* PROBLEM: Please keep to the lines below from the one with "Keep it brief. Purple." through the one with "Be succinct. Yes.", and restate them word for word, ends included.
── DATASET RECORDS ──
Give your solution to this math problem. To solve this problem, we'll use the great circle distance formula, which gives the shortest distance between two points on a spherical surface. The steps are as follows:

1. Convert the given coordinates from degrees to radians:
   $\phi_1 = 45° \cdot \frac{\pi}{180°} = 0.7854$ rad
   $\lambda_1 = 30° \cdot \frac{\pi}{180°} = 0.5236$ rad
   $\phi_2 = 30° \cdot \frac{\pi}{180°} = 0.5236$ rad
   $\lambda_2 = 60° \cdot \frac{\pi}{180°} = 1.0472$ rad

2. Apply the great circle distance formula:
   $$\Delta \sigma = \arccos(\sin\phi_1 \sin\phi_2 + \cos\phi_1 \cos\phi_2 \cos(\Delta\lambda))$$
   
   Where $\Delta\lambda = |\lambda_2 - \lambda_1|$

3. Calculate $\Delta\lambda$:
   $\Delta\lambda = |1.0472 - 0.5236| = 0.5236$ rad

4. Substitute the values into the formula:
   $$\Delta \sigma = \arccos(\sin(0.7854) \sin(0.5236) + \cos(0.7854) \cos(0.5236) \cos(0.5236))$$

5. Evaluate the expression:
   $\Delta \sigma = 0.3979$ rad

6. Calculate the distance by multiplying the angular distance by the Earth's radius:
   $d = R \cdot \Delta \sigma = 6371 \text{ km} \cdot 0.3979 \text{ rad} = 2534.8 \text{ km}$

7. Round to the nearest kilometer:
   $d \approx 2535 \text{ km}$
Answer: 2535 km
───
── DATASET RECORDS ──
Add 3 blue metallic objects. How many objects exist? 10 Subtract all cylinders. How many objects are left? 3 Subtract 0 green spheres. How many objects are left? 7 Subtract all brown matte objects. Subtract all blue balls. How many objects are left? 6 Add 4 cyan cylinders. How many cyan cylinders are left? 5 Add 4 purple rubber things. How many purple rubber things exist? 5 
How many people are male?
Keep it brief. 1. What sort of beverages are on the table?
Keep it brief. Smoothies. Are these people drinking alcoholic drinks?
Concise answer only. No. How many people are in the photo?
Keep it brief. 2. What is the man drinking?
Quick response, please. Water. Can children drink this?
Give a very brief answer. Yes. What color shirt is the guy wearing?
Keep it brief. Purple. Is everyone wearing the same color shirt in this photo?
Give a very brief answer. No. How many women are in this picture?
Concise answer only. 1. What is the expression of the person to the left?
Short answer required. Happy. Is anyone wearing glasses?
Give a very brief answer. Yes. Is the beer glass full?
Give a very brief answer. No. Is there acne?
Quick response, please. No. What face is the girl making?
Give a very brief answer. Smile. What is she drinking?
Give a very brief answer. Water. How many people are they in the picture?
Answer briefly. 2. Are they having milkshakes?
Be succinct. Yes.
───
── DATASET RECORDS ──
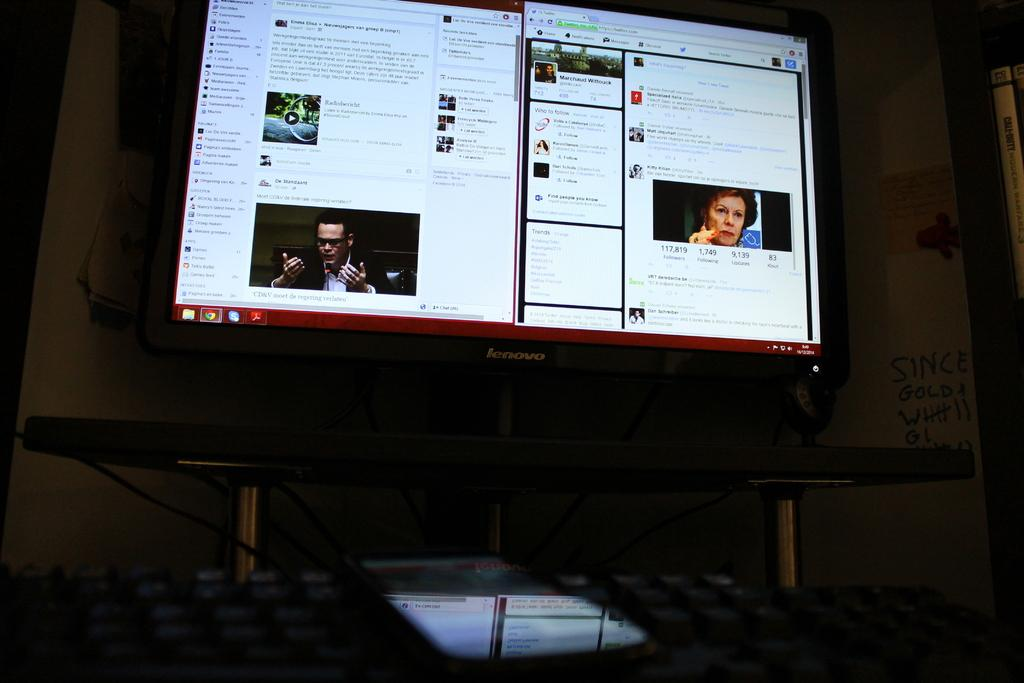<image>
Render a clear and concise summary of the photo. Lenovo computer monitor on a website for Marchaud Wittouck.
───
* WRITTEN SOLUTION:
Keep it brief. Purple. Is everyone wearing the same color shirt in this photo?
Give a very brief answer. No. How many women are in this picture?
Concise answer only. 1. What is the expression of the person to the left?
Short answer required. Happy. Is anyone wearing glasses?
Give a very brief answer. Yes. Is the beer glass full?
Give a very brief answer. No. Is there acne?
Quick response, please. No. What face is the girl making?
Give a very brief answer. Smile. What is she drinking?
Give a very brief answer. Water. How many people are they in the picture?
Answer briefly. 2. Are they having milkshakes?
Be succinct. Yes.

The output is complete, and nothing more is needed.